30 days of happiness: day 1

So I sort of fell off the face of the blogosphere after that last post. Life is a bit unpredictable these days but today brings the first of 30 photographs in my (copycat-ed) 30 Days of Happiness project. I’m crossing my fingers that, though the 30 days in this project do not need to be consecutive, it sure would be nice to have them all relatively close together with only a day or two gap at the very most.

 

I love this picture. It was taken by my brother while B was out east at his place this past August. Both R and K were incredibly generous in inviting B out and having him for a little over two weeks.

I love the misty/foggy lake, the huge expanse of lawn (they have an absolutely gorgeous house and property), and though I’m not sure how to put it into words, this forever-captured image of K showing B how to fly a kite brings me to tears (during my weepier moments). I see such beauty in this photo. And a little humour as it appears that K’s jacket has ridden up exposing his stomach and his underwear above his waistband when in reality, the bottom of his jacket is a brown/orange shade and the white is his t-shirt.

My brother took a few other sequential shots and I love the familiarity (this was really the first time B met K, other than a minute or two once or twice in the past), the genuine happiness and comfort. I am so thankful that B has these men in his life - R, K, my boyfriend S, and my dad. What more could a boy need?

30 days of happiness

Yesterday’s post seems to me, upon re-reading it, to be incomplete or jumbled. Maybe it’s not. I feel like I’ve left so many pieces out. I just have so much going through my head and so many things to do that I can’t even order them tidily in my own mind. Hopefully in time I will be able to articulate it better.

In an effort to not lose sight of what is important in the midst of all this, I think I’m going to copy Bluebirdbaby and begin a 30 Days of Happiness project tomorrow. My photos won’t be as beautiful and sometimes-haunting as hers but I hope to gain a renewed appreciation of what is all around me. As I continue to aim for a simpler way of life, I need to be reminded of the beauty that is found everyday at my fingertips if I would just open my eyes and see it with my heart. I will post photos of things that I find beautiful, things that make me happy, and things that I hope to achieve (not obtain). Maybe I’ll even learn a little about my camera in the meantime and improve my photographs.

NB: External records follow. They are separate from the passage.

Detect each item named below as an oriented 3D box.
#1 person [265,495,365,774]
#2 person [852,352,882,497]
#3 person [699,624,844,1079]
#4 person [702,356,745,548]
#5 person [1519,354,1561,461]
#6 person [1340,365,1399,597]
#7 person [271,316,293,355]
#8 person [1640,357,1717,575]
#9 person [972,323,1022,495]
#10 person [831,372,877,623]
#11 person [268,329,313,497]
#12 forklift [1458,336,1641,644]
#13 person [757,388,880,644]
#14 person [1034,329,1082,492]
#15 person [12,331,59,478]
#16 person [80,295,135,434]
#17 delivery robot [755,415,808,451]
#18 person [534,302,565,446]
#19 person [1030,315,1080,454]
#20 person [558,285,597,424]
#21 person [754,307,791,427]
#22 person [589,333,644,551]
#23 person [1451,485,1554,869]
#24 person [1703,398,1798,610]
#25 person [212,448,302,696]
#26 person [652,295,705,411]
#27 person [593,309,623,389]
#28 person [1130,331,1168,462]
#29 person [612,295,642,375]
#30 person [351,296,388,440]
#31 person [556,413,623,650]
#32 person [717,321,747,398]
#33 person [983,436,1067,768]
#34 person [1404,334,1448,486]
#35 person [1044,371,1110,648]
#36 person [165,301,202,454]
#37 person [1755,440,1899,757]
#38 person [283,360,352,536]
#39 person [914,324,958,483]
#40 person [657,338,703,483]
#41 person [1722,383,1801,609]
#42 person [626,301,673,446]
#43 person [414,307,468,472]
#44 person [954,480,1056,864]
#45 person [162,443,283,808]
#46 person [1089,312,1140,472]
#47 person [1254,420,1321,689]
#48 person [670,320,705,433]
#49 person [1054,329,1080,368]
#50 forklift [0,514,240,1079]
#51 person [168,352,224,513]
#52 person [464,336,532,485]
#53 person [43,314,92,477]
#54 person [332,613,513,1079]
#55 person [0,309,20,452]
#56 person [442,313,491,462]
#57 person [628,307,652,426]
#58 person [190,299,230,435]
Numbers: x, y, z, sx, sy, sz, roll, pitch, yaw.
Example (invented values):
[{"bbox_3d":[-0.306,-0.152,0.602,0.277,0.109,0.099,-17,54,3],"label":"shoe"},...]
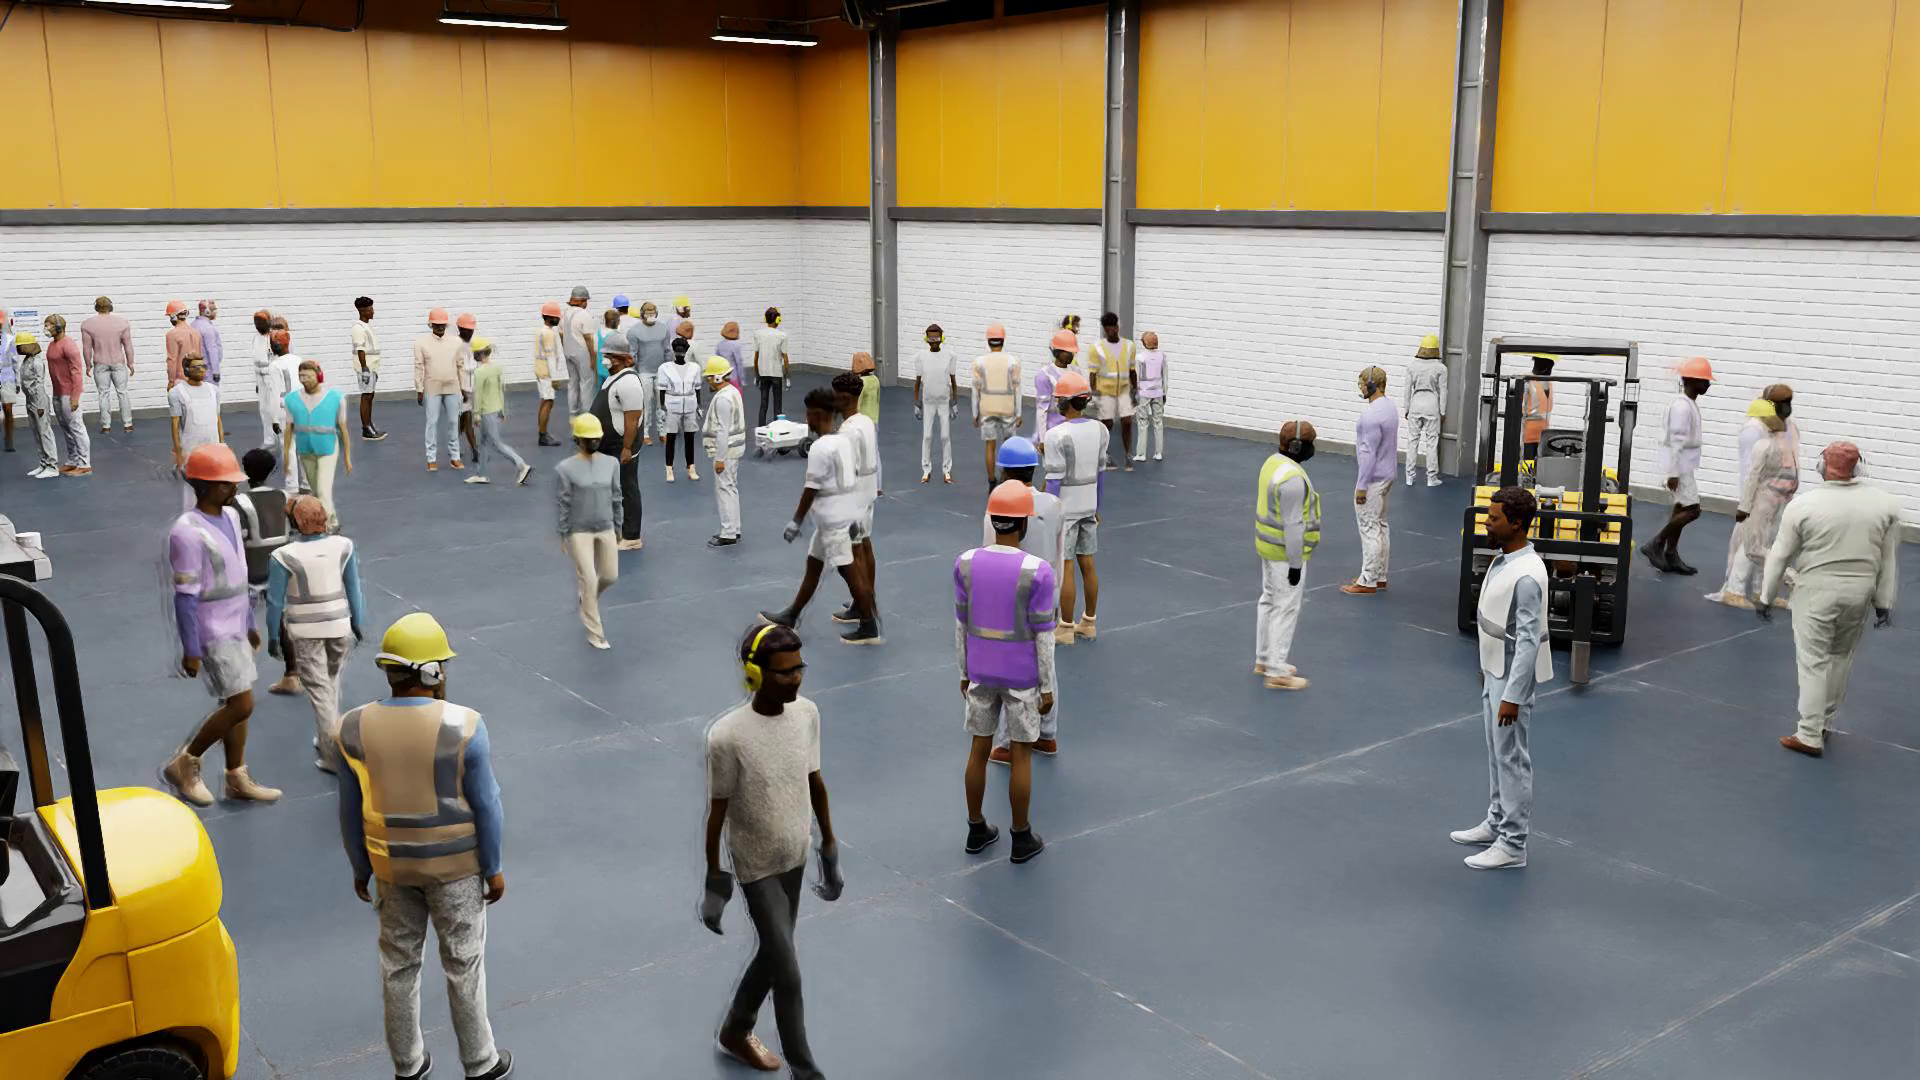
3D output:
[{"bbox_3d":[-3.794,0.530,9.679,0.674,1.614,0.540,10,15,39],"label":"person"},{"bbox_3d":[-1.040,-1.252,18.292,0.271,1.627,0.502,6,13,26],"label":"person"},{"bbox_3d":[-0.658,1.186,6.043,0.887,1.829,0.552,10,15,39],"label":"person"},{"bbox_3d":[-2.248,-0.843,15.852,0.403,1.819,0.602,0,12,-1],"label":"person"},{"bbox_3d":[5.683,-1.017,16.455,0.597,1.916,0.409,-10,15,-40],"label":"person"},{"bbox_3d":[3.453,-0.492,13.899,0.380,1.929,0.636,6,13,28],"label":"person"},{"bbox_3d":[-9.536,-2.334,23.486,0.308,1.639,0.510,-3,12,-12],"label":"person"},{"bbox_3d":[6.346,-0.636,14.568,0.412,1.926,0.555,7,13,30],"label":"person"},{"bbox_3d":[0.408,-1.449,18.517,0.561,1.921,0.433,1,12,5],"label":"person"},{"bbox_3d":[-0.836,-0.333,13.022,0.363,1.963,0.612,2,12,12],"label":"person"},{"bbox_3d":[-7.361,-1.371,18.257,0.360,1.880,0.575,3,12,15],"label":"person"},{"bbox_3d":[4.683,-0.471,13.136,1.214,2.155,2.313,4,12,20],"label":"forklift"},{"bbox_3d":[-1.048,-0.170,12.347,0.992,1.906,0.607,2,12,9],"label":"person"},{"bbox_3d":[1.006,-1.060,16.396,0.611,2.030,0.410,-11,16,-43],"label":"person"},{"bbox_3d":[-10.992,-1.608,19.742,0.485,1.737,0.322,11,16,42],"label":"person"},{"bbox_3d":[-11.925,-2.451,23.321,0.637,1.936,0.356,-6,13,-27],"label":"person"},{"bbox_3d":[-2.261,-1.346,21.096,0.477,0.478,0.707,11,16,39],"label":"delivery robot"},{"bbox_3d":[-5.478,-2.221,22.271,0.428,1.922,0.578,-5,13,-22],"label":"person"},{"bbox_3d":[1.332,-1.992,21.413,0.977,1.819,0.531,1,12,5],"label":"person"},{"bbox_3d":[-5.492,-2.698,24.264,0.688,2.000,0.536,10,15,39],"label":"person"},{"bbox_3d":[-2.510,-2.178,22.214,0.533,1.855,0.346,4,12,16],"label":"person"},{"bbox_3d":[-3.257,-0.929,15.722,0.538,2.000,0.688,-5,13,-23],"label":"person"},{"bbox_3d":[2.722,0.679,8.251,0.392,1.920,0.587,1,12,7],"label":"person"},{"bbox_3d":[6.478,-0.285,13.398,0.733,1.712,0.484,8,14,32],"label":"person"},{"bbox_3d":[-4.714,0.213,11.143,0.723,1.651,0.551,7,14,30],"label":"person"},{"bbox_3d":[-4.430,-2.910,25.893,0.843,1.805,0.604,1,12,6],"label":"person"},{"bbox_3d":[-4.788,-2.226,22.561,0.529,1.811,0.814,5,13,23],"label":"person"},{"bbox_3d":[2.375,-1.797,20.893,0.525,1.637,0.307,-5,13,-21],"label":"person"},{"bbox_3d":[-4.724,-2.492,23.529,0.611,1.939,0.417,-8,14,-35],"label":"person"},{"bbox_3d":[-8.120,-2.358,22.805,0.367,1.966,0.607,-2,12,-10],"label":"person"},{"bbox_3d":[-2.764,-0.086,12.363,0.529,1.751,0.598,-9,15,-36],"label":"person"},{"bbox_3d":[-3.166,-2.159,22.658,0.663,1.632,0.405,11,16,44],"label":"person"},{"bbox_3d":[0.355,0.361,9.745,0.611,1.939,0.418,-10,16,-41],"label":"person"},{"bbox_3d":[5.368,-1.497,19.185,0.489,1.743,0.323,7,14,31],"label":"person"},{"bbox_3d":[0.819,-0.223,12.308,0.608,2.044,0.370,-11,16,-42],"label":"person"},{"bbox_3d":[-10.046,-2.102,21.545,0.410,1.980,0.624,2,12,11],"label":"person"},{"bbox_3d":[5.175,0.324,10.053,0.690,1.885,0.710,0,12,1],"label":"person"},{"bbox_3d":[-6.092,-0.821,15.792,0.586,1.804,0.965,0,12,1],"label":"person"},{"bbox_3d":[-0.276,-1.582,19.323,0.510,1.861,0.324,0,12,-1],"label":"person"},{"bbox_3d":[-3.257,-1.517,19.405,0.531,1.692,0.320,-5,13,-25],"label":"person"},{"bbox_3d":[6.541,-0.353,13.448,0.633,1.846,0.429,-8,14,-35],"label":"person"},{"bbox_3d":[-4.137,-2.225,22.261,0.637,1.930,0.373,-8,14,-34],"label":"person"},{"bbox_3d":[-6.287,-1.828,20.182,0.623,1.990,0.400,-7,14,-31],"label":"person"},{"bbox_3d":[0.236,0.657,8.341,0.544,1.930,0.389,6,13,27],"label":"person"},{"bbox_3d":[-3.994,0.480,8.964,0.472,2.031,0.609,-1,12,-3],"label":"person"},{"bbox_3d":[1.900,-1.774,20.080,0.685,1.925,0.711,-3,12,-13],"label":"person"},{"bbox_3d":[2.228,0.093,11.315,0.429,1.833,0.631,0,12,-2],"label":"person"},{"bbox_3d":[-3.825,-2.262,23.211,0.534,1.605,0.363,3,12,13],"label":"person"},{"bbox_3d":[1.323,-1.759,20.560,0.317,1.699,0.537,-4,12,-20],"label":"person"},{"bbox_3d":[-3.687,1.115,5.480,2.313,2.155,1.214,-9,15,-36],"label":"forklift"},{"bbox_3d":[-7.261,-0.869,15.905,0.341,1.846,0.510,8,14,35],"label":"person"},{"bbox_3d":[-5.353,-1.485,19.148,0.809,1.729,0.519,1,12,5],"label":"person"},{"bbox_3d":[-10.636,-1.721,19.796,0.635,1.937,0.352,10,16,41],"label":"person"},{"bbox_3d":[-1.953,1.169,6.111,0.587,1.826,0.404,1,12,5],"label":"person"},{"bbox_3d":[-12.584,-2.099,21.724,0.572,1.906,0.720,-8,14,-33],"label":"person"},{"bbox_3d":[-6.266,-1.934,21.006,0.993,1.879,0.565,10,15,39],"label":"person"},{"bbox_3d":[-4.686,-2.495,24.031,0.322,1.736,0.485,6,13,25],"label":"person"},{"bbox_3d":[-10.468,-2.398,23.191,0.401,1.897,0.651,-10,16,-41],"label":"person"}]

Because this little booger

 

On his flight to the east coast this August

is what is important. Before anything else. He’s nearly five. That’s five years of his life that haven’t been the way they could have been. Five years of his life that he’s been crying for help and I didn’t see it or attributed it to something else (or just brushed it off as "he’ll grow out of it"). I’m sorry, baby. The next five are going to be the best I can make them.

 

Self portrait with my brother, who appears to be somewhat perplexed.